At some stage, too, financial pressures will re-emerge – by 2030 the costs of an ageing population will be sharply on the rise, for example, and there are huge costs from combating and adapting to climate change. Some of the surpluses now can be set aside to help pay for this and ensure investment can continue over a five- to 10-year time horizon. We can, if we choose to, break the boom-and-bust economic cycle which has bedevilled Irish economic history and mitigate against the need to raise taxes in future at the expense of younger people now entering the workforce.

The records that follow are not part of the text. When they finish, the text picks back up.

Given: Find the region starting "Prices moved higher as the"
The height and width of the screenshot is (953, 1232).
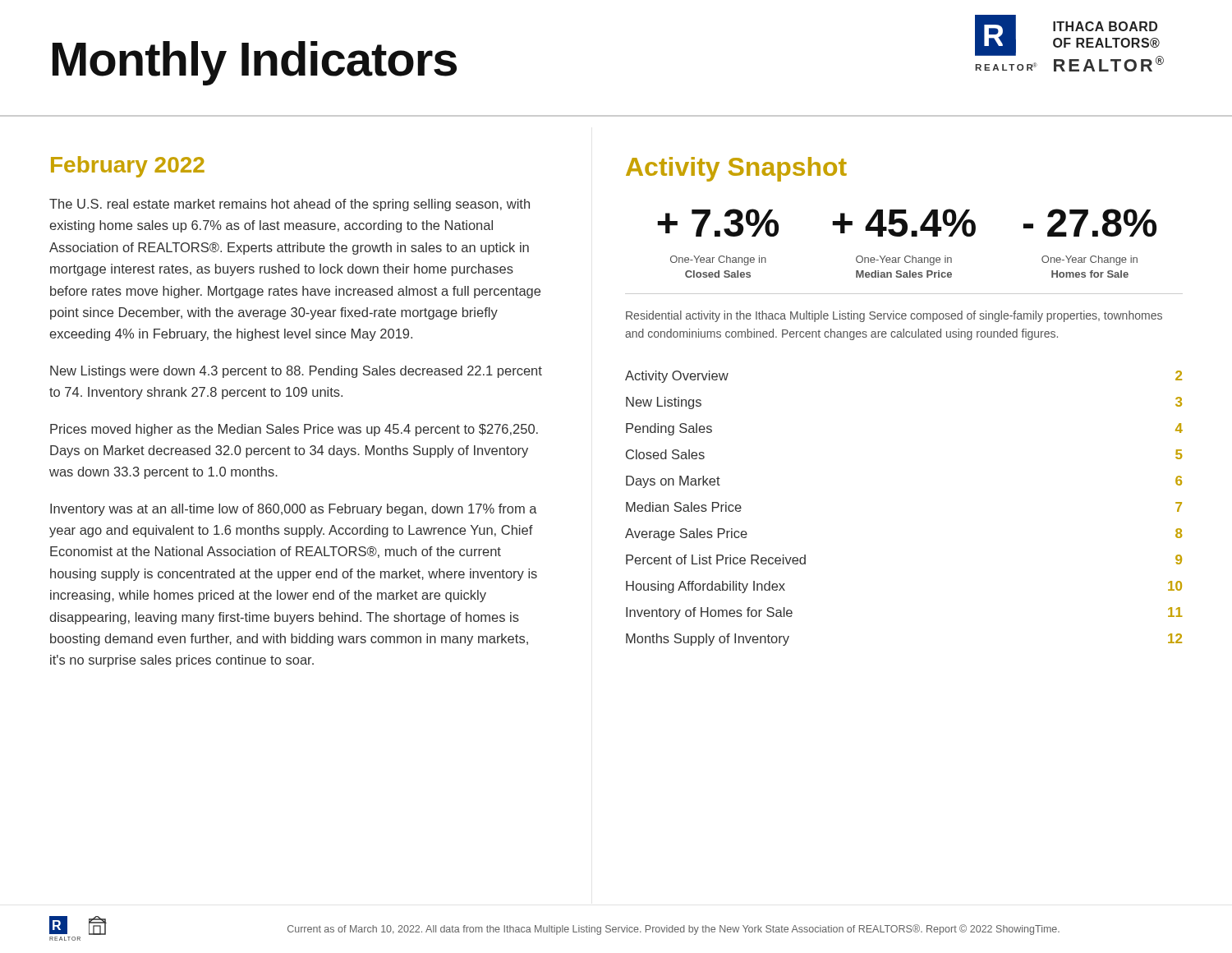Looking at the screenshot, I should coord(294,450).
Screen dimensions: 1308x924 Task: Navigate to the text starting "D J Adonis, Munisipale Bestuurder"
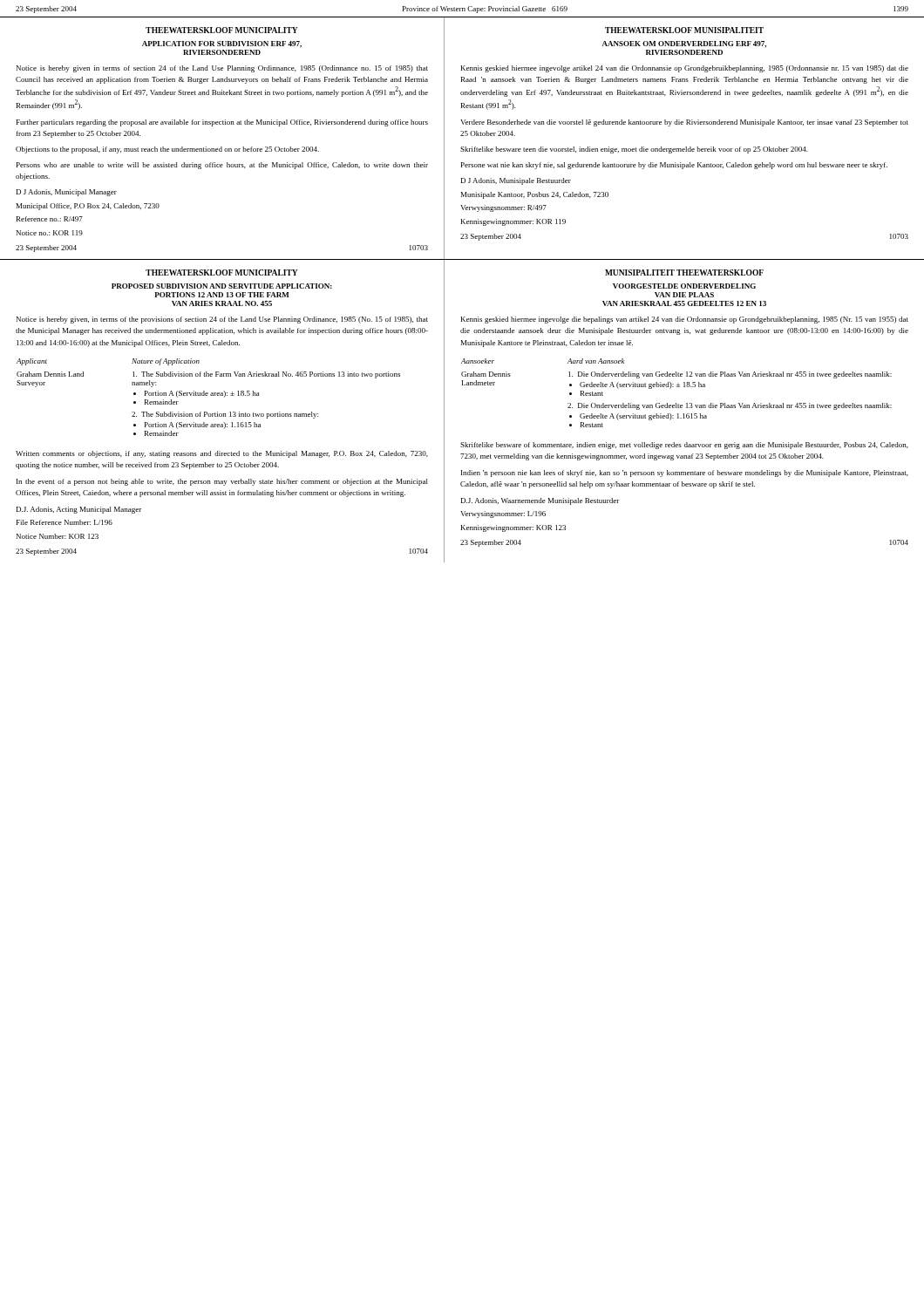[x=515, y=181]
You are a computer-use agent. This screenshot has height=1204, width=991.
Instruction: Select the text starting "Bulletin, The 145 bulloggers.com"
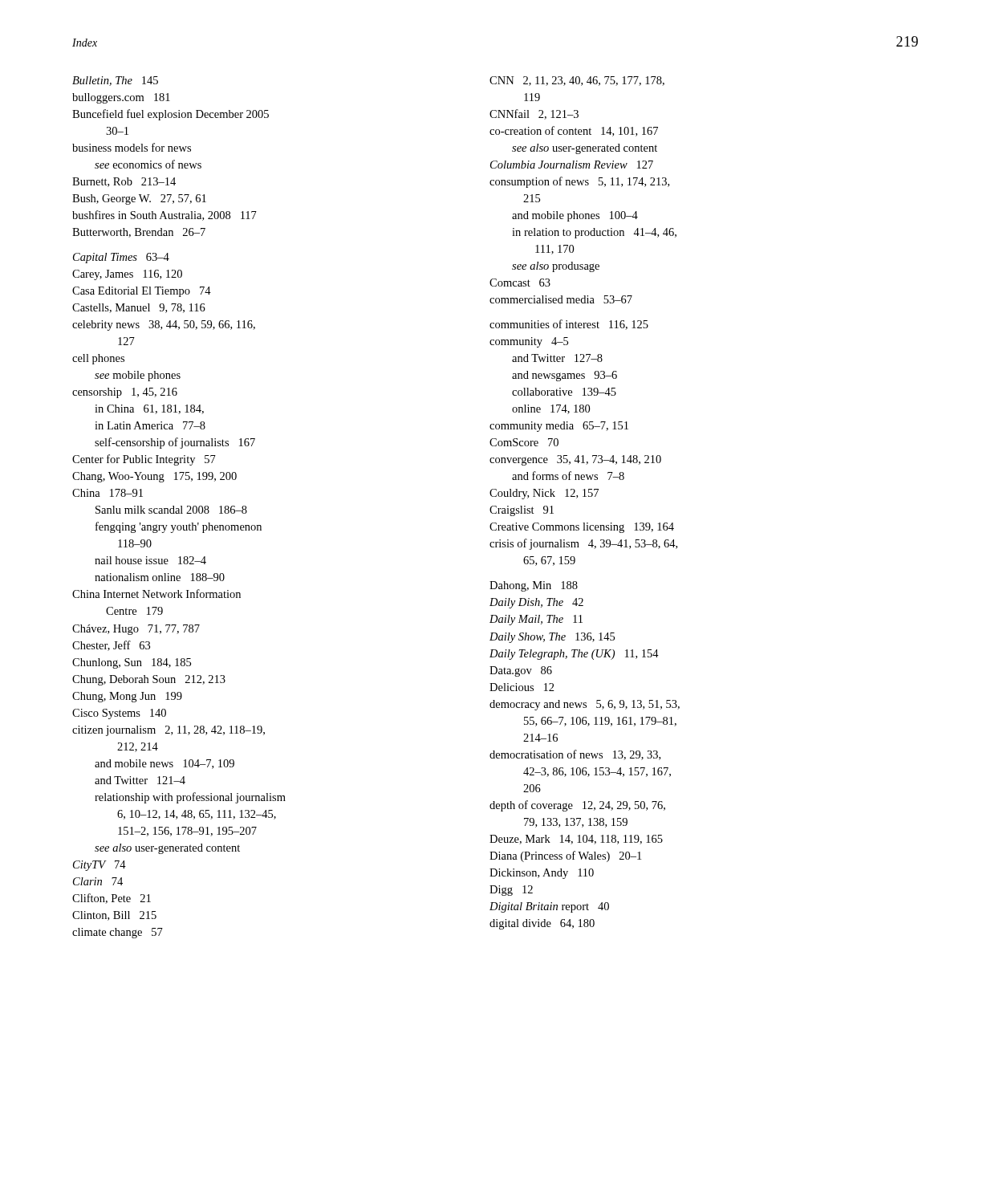[x=115, y=81]

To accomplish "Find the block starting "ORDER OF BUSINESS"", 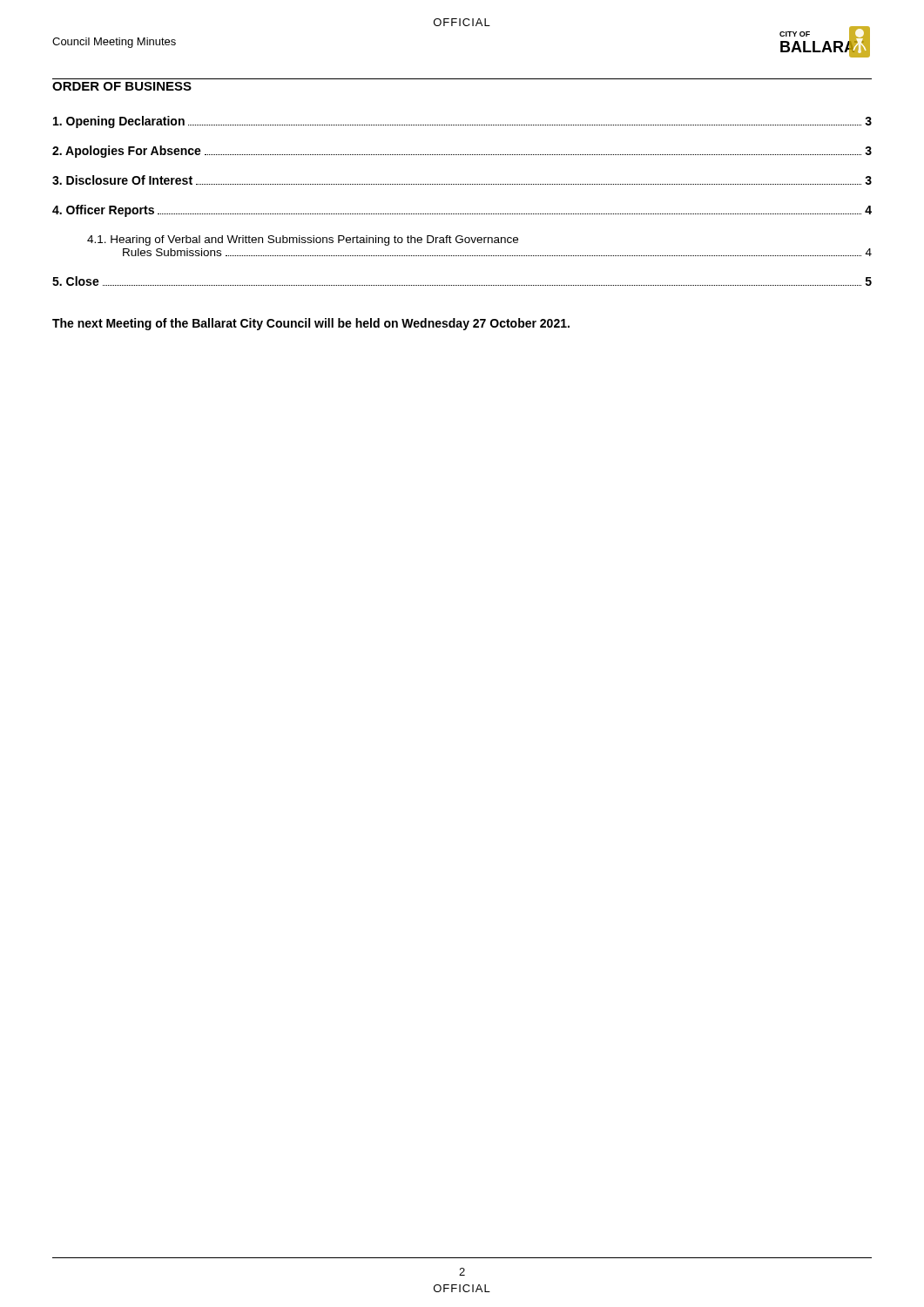I will tap(122, 86).
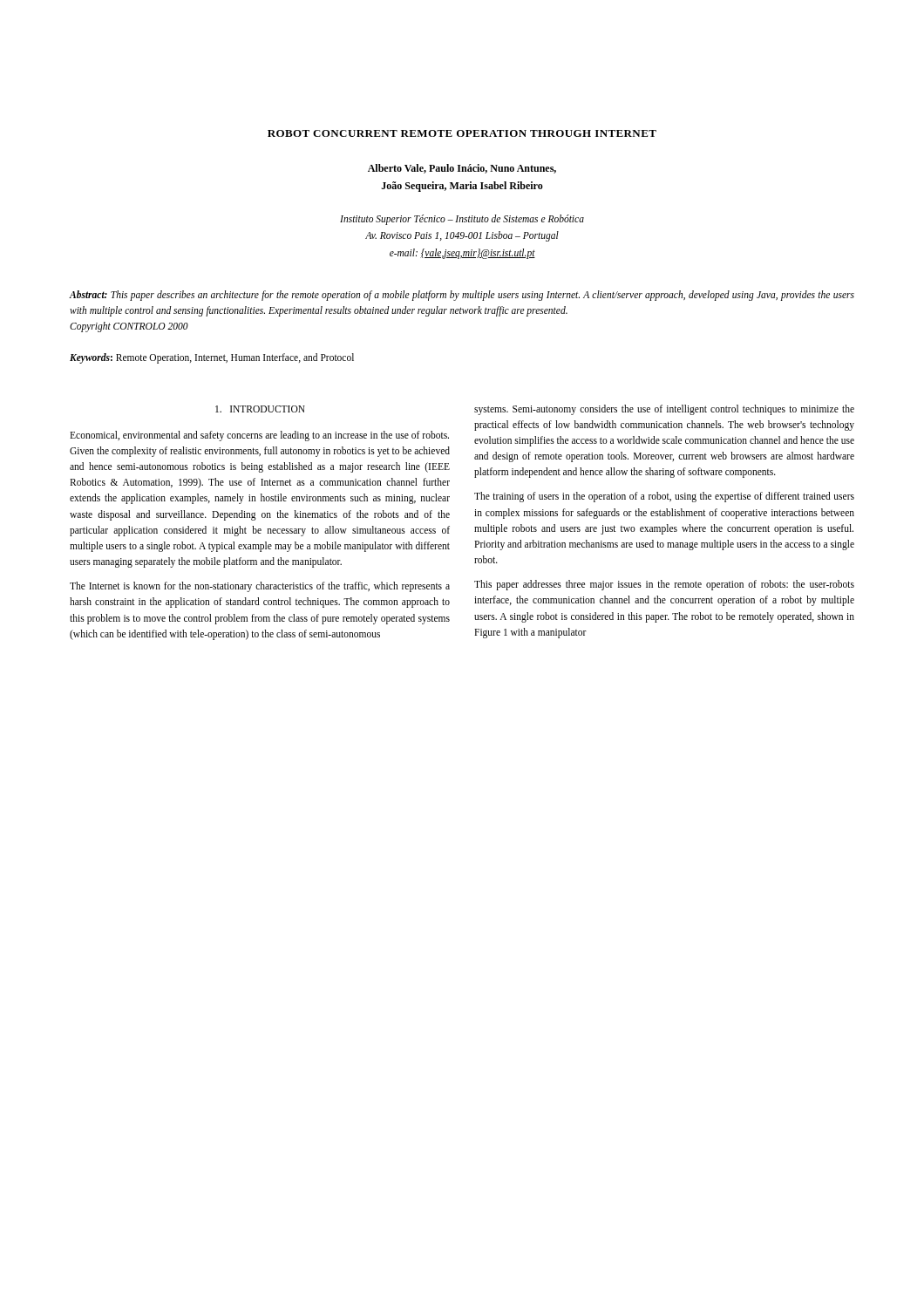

The frustration is that despite such big surpluses, Ireland is struggling to deliver on the vital upscaling of our national infrastructure and public services. We are running to catch up in so many areas. Ireland needs to find a way to navigate between the necessary caution due to the reliance of the public finances on a few big corporations on one side and the need to plan and invest for the future and improve public services on the other. Right now, there is enough money to do both. But with the economy running at full capacity ramping up investment even more in the short term is difficult - there are not, for example, many free construction workers, planners or engineers.
The Economic and Social Research Institute (ESRI) concluded this week that Ireland could afford its spending plans for the next few years, but that it was vital that the money spent delivers improved services in areas such as health and education and efficient delivery of housing and infrastructure. A mindset change is needed. Ireland has the money – spending it well is the challenge.